The Journal’s readers are likely to be familiar with the concept, because these pages have been among the most hospitable to scientific research reports and policy analyses on topical microbicides. Several contributions to this issue continue this tradition. They sound important cautionary notes.
First, the field is at a crossroads, at risk of lurching down either of 2 possible paths that would impede its progress. Legitimate concerns about disrupting planned field trials fail to outweigh more serious concerns over plans to test too many “me too” products in a strategically incoherent, indefensibly costly, and risky multitrial program (Gross, p1085). But it is equally important not to permanently institutionalize an ad hoc fix for problems of the past by creating some sort of centralized gatekeeper controlling access to field trials for future candidates. Effective integration of a pharmaceutical-industry approach means that future candidates will benefit from detailed understanding of cellular processes of infection and rigorous screening to discard less promising candidates.

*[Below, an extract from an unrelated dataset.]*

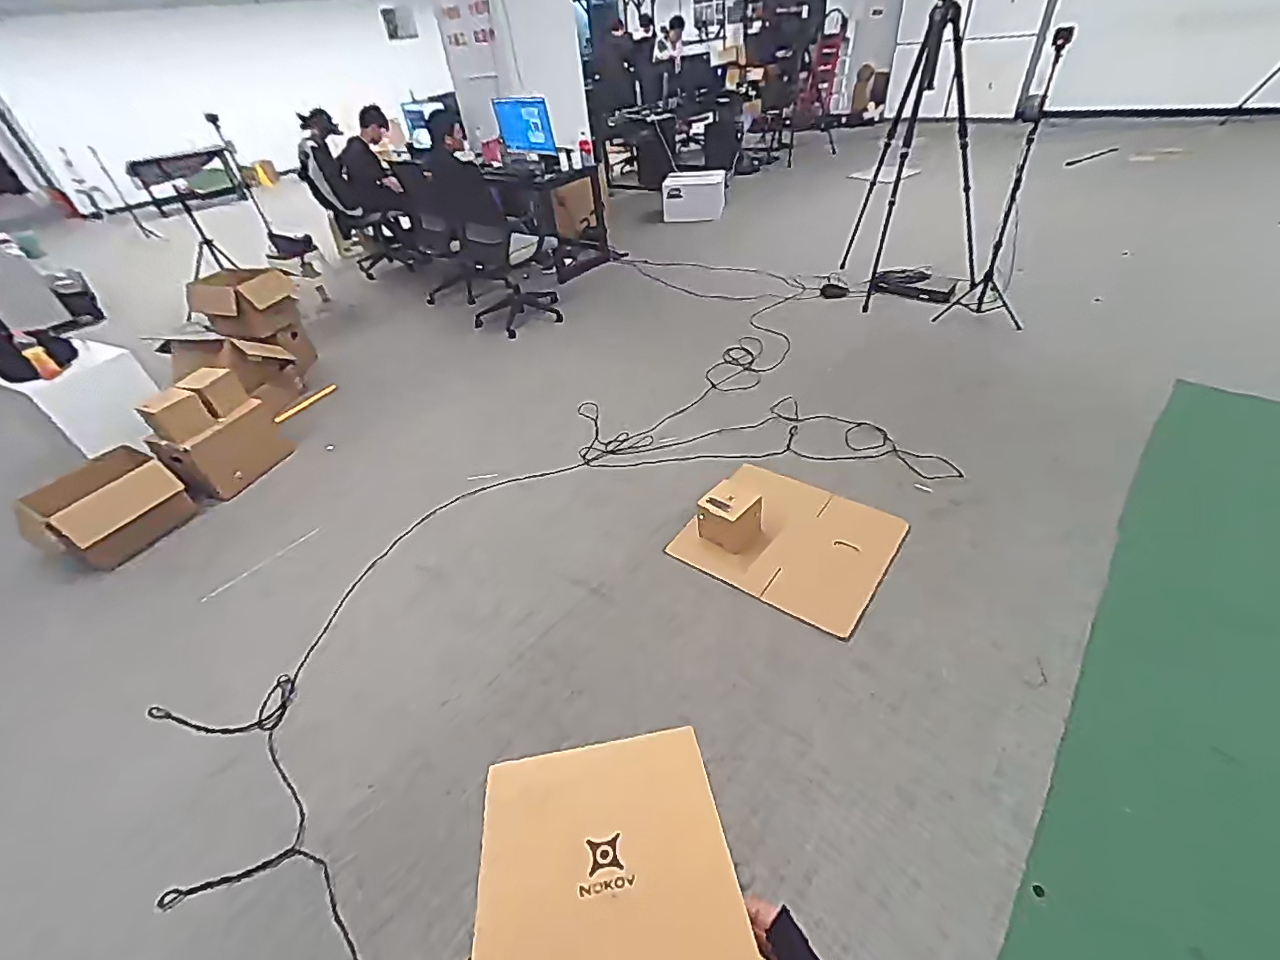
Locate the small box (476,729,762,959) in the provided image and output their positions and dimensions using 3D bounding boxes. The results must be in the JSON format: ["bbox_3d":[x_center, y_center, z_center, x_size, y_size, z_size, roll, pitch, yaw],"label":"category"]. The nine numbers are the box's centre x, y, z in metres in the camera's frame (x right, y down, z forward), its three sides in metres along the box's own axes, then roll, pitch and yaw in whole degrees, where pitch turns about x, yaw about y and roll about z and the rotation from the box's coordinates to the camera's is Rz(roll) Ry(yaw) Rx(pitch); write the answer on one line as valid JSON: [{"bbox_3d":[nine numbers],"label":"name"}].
[{"bbox_3d":[-0.018,0.322,0.394,0.168,0.176,0.179,-7,29,-7],"label":"small box"}]
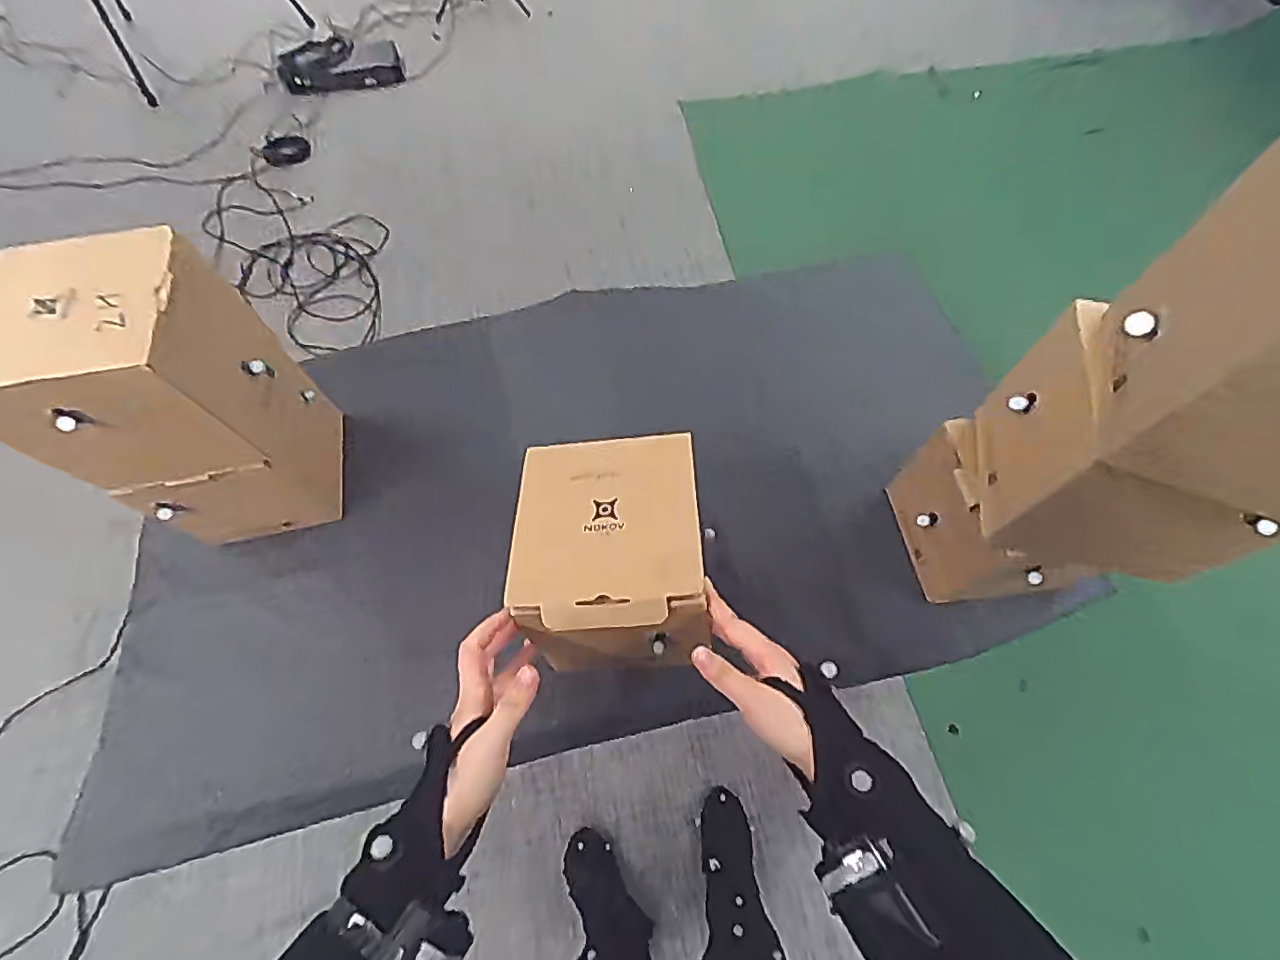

Second, the impact of microbicides on acquisition of HIV needs to be interpreted in the context of behaviors—in particular, whether microbicidal products are applied at all, are used as instructed, and are free of potential inactivation by drying agents or douching—whereas the tower of academic babble known as “behavioral assessment” has exempted itself from the standard required for all laboratory and clinical endpoints. There is no consensus on valid, reliable, reproducible, clinically meaningful metrics and methods; instead, instruments, scales, and variables proliferate. Whether microbicides become available as prescription-only or over-the-counter products, users are more consumers than patients. They must be motivated to achieve consistent, correct use of products that have no immediately obvious health benefit. Drug and cosmetics manufacturers survive by creating and maintaining markets and supply lines for these products. Are their stratagems relevant for microbicides?
Third, patterns of male control over women do not fall away even if rubber and plastic barriers do. If both partners tacitly accept the man’s infidelity as normative, then a nonbarrier method compatible with conception and with sexual intimacy could augment protective options. But those men determined not to lose control of their womenfolk—especially control of female fertility or sexuality—may well respond with mistrust, denunciation, and violence. Produce a woman-controlled protective method and men will demand control over which women may access it (Bentley et al., p1159). If men sabotage a technology that empowers women to save their own lives, then the final solution is to disempower men.